# Records to process:
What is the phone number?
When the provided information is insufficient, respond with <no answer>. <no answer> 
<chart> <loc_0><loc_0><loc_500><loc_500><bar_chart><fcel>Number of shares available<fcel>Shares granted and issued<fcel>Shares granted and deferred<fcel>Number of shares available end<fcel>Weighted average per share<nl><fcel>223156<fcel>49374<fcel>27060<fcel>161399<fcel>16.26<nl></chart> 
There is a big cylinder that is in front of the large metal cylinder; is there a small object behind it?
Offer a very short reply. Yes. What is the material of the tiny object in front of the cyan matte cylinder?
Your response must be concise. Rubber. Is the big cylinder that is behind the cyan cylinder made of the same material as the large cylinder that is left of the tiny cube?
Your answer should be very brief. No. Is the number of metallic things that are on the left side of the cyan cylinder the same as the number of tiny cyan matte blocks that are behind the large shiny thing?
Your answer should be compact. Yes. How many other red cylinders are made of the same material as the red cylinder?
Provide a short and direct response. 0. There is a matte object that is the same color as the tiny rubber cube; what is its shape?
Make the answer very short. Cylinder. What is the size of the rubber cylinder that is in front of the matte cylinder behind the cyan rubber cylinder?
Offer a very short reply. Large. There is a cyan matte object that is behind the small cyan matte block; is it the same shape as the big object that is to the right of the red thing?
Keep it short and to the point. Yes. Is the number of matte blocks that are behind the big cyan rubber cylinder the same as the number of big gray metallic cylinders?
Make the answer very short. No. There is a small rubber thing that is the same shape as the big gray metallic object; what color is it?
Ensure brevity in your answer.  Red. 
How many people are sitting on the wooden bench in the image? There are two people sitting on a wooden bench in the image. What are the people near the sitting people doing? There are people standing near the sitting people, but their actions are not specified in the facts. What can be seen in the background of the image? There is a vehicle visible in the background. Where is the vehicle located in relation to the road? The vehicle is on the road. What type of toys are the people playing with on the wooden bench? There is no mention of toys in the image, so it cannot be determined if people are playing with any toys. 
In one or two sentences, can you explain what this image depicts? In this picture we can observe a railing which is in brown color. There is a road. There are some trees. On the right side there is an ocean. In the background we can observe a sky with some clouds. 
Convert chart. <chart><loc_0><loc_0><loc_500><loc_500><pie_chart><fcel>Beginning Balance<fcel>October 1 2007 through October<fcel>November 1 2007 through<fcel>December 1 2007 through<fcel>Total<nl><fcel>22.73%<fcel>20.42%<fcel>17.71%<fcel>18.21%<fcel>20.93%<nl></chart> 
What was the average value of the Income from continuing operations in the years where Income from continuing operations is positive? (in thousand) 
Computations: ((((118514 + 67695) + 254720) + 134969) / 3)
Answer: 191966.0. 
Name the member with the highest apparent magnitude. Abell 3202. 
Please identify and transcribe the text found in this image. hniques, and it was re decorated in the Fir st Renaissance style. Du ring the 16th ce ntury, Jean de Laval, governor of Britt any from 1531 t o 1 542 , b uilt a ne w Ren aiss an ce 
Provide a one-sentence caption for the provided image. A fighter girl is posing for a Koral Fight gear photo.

# Task instructions:
The records above must be transcribed in full, word for word.

# Response:
What is the phone number?
When the provided information is insufficient, respond with <no answer>. <no answer> 
<chart> <loc_0><loc_0><loc_500><loc_500><bar_chart><fcel>Number of shares available<fcel>Shares granted and issued<fcel>Shares granted and deferred<fcel>Number of shares available end<fcel>Weighted average per share<nl><fcel>223156<fcel>49374<fcel>27060<fcel>161399<fcel>16.26<nl></chart> 
There is a big cylinder that is in front of the large metal cylinder; is there a small object behind it?
Offer a very short reply. Yes. What is the material of the tiny object in front of the cyan matte cylinder?
Your response must be concise. Rubber. Is the big cylinder that is behind the cyan cylinder made of the same material as the large cylinder that is left of the tiny cube?
Your answer should be very brief. No. Is the number of metallic things that are on the left side of the cyan cylinder the same as the number of tiny cyan matte blocks that are behind the large shiny thing?
Your answer should be compact. Yes. How many other red cylinders are made of the same material as the red cylinder?
Provide a short and direct response. 0. There is a matte object that is the same color as the tiny rubber cube; what is its shape?
Make the answer very short. Cylinder. What is the size of the rubber cylinder that is in front of the matte cylinder behind the cyan rubber cylinder?
Offer a very short reply. Large. There is a cyan matte object that is behind the small cyan matte block; is it the same shape as the big object that is to the right of the red thing?
Keep it short and to the point. Yes. Is the number of matte blocks that are behind the big cyan rubber cylinder the same as the number of big gray metallic cylinders?
Make the answer very short. No. There is a small rubber thing that is the same shape as the big gray metallic object; what color is it?
Ensure brevity in your answer.  Red. 
How many people are sitting on the wooden bench in the image? There are two people sitting on a wooden bench in the image. What are the people near the sitting people doing? There are people standing near the sitting people, but their actions are not specified in the facts. What can be seen in the background of the image? There is a vehicle visible in the background. Where is the vehicle located in relation to the road? The vehicle is on the road. What type of toys are the people playing with on the wooden bench? There is no mention of toys in the image, so it cannot be determined if people are playing with any toys. 
In one or two sentences, can you explain what this image depicts? In this picture we can observe a railing which is in brown color. There is a road. There are some trees. On the right side there is an ocean. In the background we can observe a sky with some clouds. 
Convert chart. <chart><loc_0><loc_0><loc_500><loc_500><pie_chart><fcel>Beginning Balance<fcel>October 1 2007 through October<fcel>November 1 2007 through<fcel>December 1 2007 through<fcel>Total<nl><fcel>22.73%<fcel>20.42%<fcel>17.71%<fcel>18.21%<fcel>20.93%<nl></chart> 
What was the average value of the Income from continuing operations in the years where Income from continuing operations is positive? (in thousand) 
Computations: ((((118514 + 67695) + 254720) + 134969) / 3)
Answer: 191966.0. 
Name the member with the highest apparent magnitude. Abell 3202. 
Please identify and transcribe the text found in this image. hniques, and it was re decorated in the Fir st Renaissance style. Du ring the 16th ce ntury, Jean de Laval, governor of Britt any from 1531 t o 1 542 , b uilt a ne w Ren aiss an ce 
Provide a one-sentence caption for the provided image. A fighter girl is posing for a Koral Fight gear photo.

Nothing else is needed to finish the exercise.